#### To do
Locate the line that contains "Screen dimensions: 1232x953" in the data that follows. Copy it and every subsequent line to the end, exactly, excluding pictures.

Dataset entries
______
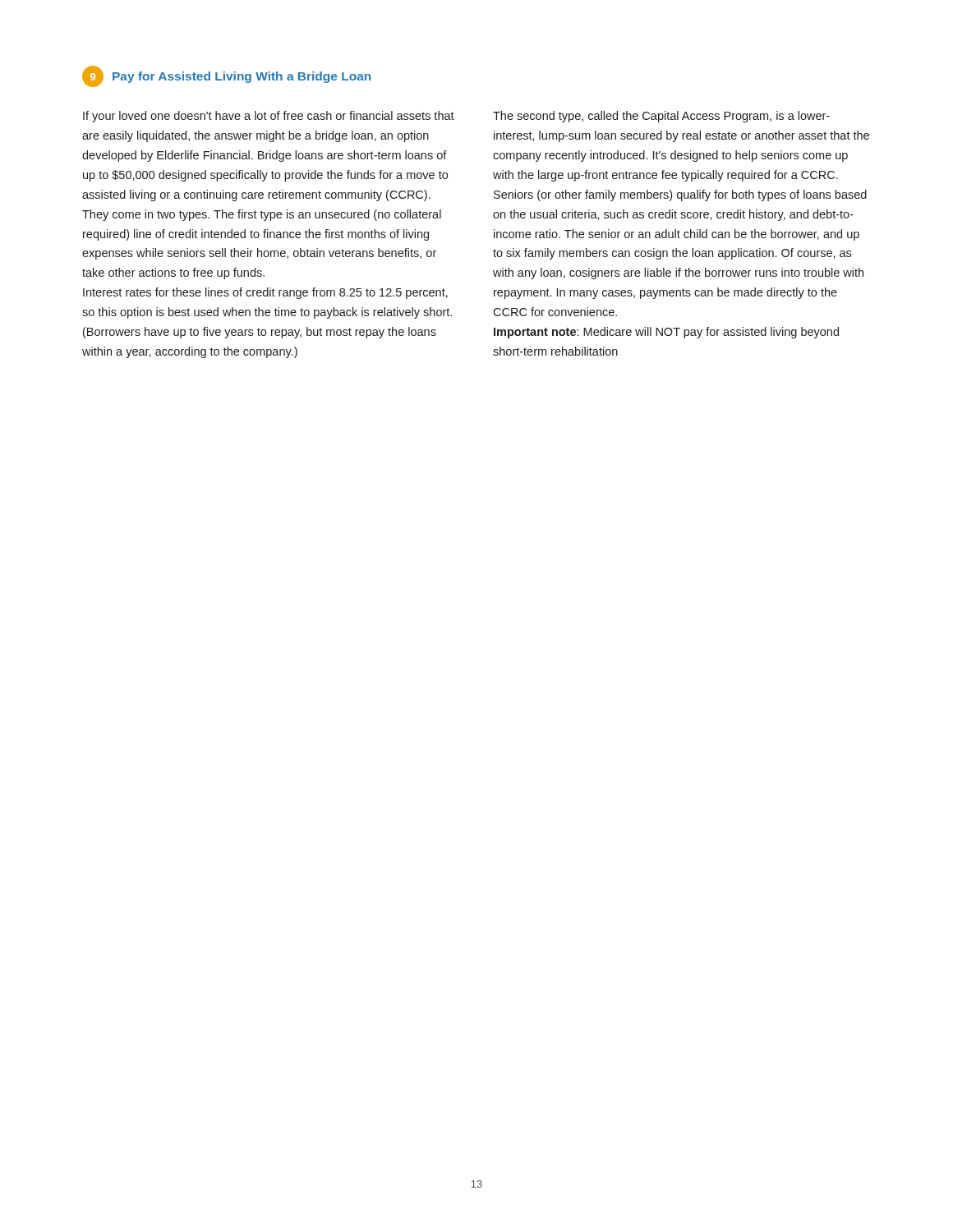Image resolution: width=953 pixels, height=1232 pixels.
Task: Navigate to the text block starting "The second type,"
Action: (682, 146)
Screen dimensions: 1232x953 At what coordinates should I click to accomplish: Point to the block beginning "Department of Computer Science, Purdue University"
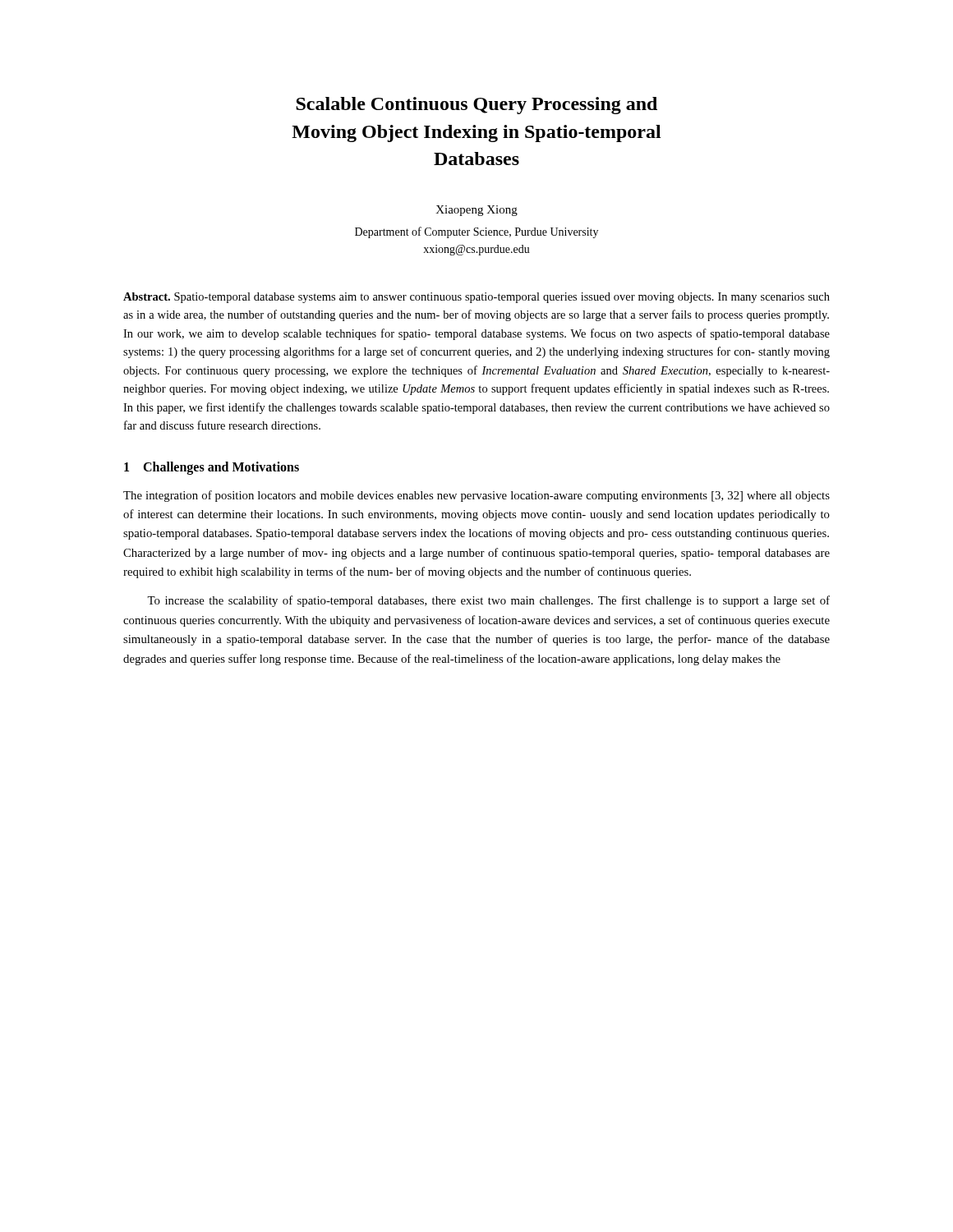476,240
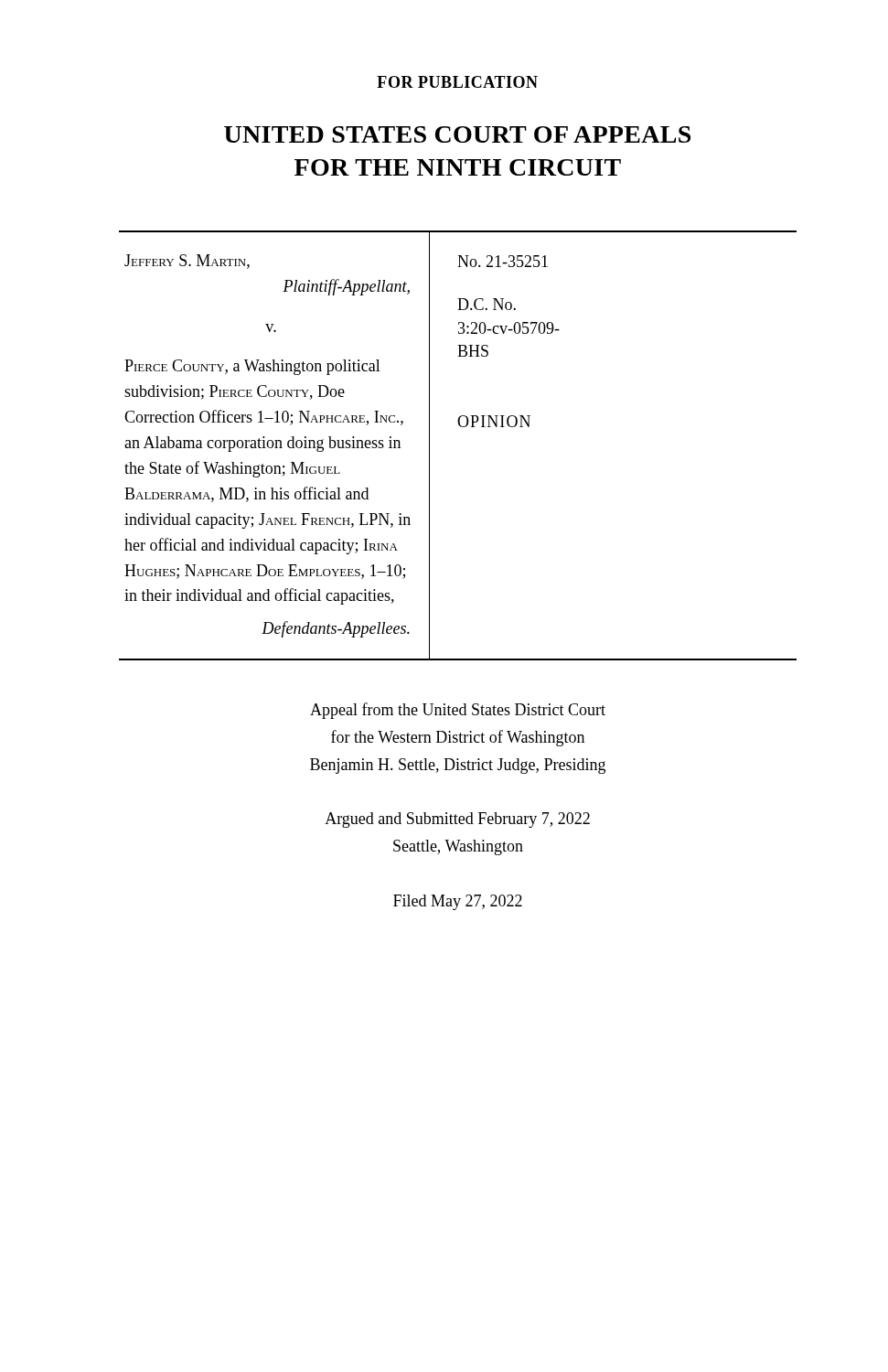The height and width of the screenshot is (1372, 888).
Task: Locate the region starting "Argued and Submitted February 7, 2022 Seattle,"
Action: tap(458, 832)
______
#### Output of the task
Screen dimensions: 1232x953 At what coordinates should I click to accomplish: Point to the block beginning "Department of Computer Science, Purdue University"
476,240
The height and width of the screenshot is (1372, 888).
Task: Locate the region starting "Argued and Submitted February 7, 2022 Seattle,"
Action: tap(458, 832)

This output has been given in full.